Photo: Getty Images Europe
Six weeks after the beginning of the U.S. flexing its military might in Iran, the public doesn’t seem to be backing the effort. Polls indicate that people are questioning why we are there in the first place, and the image that most raises their ire is the sight of the gas station pump that inched up another eight cents since the last time they filled the tank and now are hovering near four dollars a gallon. In early hindsight, what could and should the Trump administration have done differently, and perhaps more importantly, is there time to reverse the nagging undercurrent of asking why are even there? J.C. Polanco is a political analyst and assistant professor at the University of Mount Saint Vincent in the Bronx; he appeared on 710 WOR’s Curtis Sliwa and Larry Mendte in the Morning program to lament a “self-inflicted wound that could have been different”.
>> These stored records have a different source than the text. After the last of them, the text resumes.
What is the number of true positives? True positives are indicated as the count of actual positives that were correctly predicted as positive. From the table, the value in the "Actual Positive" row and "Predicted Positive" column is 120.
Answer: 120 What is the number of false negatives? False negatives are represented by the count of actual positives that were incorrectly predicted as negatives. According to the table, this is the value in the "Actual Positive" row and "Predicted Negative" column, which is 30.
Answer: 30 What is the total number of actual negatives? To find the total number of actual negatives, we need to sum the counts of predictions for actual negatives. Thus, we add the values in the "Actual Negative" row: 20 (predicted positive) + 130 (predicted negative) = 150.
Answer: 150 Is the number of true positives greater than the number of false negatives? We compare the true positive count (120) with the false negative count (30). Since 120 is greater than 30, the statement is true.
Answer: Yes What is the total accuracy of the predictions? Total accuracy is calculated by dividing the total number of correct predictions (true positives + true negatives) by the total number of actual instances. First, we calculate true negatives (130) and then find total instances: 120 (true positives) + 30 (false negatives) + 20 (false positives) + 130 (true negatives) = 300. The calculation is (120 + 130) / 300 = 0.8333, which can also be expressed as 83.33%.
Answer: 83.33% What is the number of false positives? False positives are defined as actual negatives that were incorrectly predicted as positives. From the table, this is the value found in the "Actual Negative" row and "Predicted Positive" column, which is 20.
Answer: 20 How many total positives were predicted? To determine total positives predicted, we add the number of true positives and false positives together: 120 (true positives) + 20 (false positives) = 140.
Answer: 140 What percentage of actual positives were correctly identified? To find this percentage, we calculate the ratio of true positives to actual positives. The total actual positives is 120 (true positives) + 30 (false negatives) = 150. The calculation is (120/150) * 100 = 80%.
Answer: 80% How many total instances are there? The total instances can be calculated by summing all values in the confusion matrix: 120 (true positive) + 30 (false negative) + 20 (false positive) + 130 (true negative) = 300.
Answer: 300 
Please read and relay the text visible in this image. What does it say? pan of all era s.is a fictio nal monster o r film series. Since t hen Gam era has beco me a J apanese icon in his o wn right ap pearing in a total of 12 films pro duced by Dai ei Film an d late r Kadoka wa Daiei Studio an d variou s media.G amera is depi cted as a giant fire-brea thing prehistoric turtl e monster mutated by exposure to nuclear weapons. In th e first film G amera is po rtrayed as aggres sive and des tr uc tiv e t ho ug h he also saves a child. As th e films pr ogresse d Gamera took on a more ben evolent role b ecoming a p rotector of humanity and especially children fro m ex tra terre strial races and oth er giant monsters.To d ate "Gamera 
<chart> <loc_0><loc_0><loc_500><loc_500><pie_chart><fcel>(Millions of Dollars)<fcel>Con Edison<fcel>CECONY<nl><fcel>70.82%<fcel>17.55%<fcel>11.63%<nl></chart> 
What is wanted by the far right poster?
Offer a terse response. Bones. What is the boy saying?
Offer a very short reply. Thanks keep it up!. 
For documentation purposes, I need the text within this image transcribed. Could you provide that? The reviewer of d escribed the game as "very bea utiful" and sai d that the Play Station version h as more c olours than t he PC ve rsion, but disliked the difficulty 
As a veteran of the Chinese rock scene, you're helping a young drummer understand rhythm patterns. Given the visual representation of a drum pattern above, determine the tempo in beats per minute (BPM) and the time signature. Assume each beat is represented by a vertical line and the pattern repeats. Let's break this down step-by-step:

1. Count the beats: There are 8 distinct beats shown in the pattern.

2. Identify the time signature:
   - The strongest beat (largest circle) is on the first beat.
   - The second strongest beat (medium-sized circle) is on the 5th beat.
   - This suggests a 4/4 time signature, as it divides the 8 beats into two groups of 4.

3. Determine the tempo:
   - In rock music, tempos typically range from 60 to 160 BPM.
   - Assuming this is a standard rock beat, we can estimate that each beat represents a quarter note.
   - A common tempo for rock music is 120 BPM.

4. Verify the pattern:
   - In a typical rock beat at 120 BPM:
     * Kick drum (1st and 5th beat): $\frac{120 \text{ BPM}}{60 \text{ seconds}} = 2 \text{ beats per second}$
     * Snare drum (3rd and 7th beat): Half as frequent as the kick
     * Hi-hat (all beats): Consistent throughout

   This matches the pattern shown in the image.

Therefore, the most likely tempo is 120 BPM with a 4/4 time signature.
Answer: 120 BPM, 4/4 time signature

Polanco explained where the wheels came off the argument to wage war in Iran: “Look, the messaging was off from the very beginning. The press conference that the President had a couple of nights ago to talk to the country should have happened a long time ago I think that his key layers, from Secretary Rubio to Secretary Hegseth to him and J.D. Vance and the like should have been more direct, should have had one cohesive message as to why we were there… that mixed messaging, the public does not like. We see that in the polls. In addition, it wasn’t just messaging. We’re feeling it in our pockets… I think that the polls would have, at the end of the day, been very different had there been one message and there wasn’t this coyness going on behind the messaging.”
Polanco then pointed out that it might be too late to get the public behind the intended message: “The Republicans are going to pay the price for the messaging in November; it’s unfortunate, but we’re seeing it in the polling data… so I think this weekend (Trump) has to just refocus on the messaging and assuring Americans that we’re not just going to have another terrorist nation at the end of this.”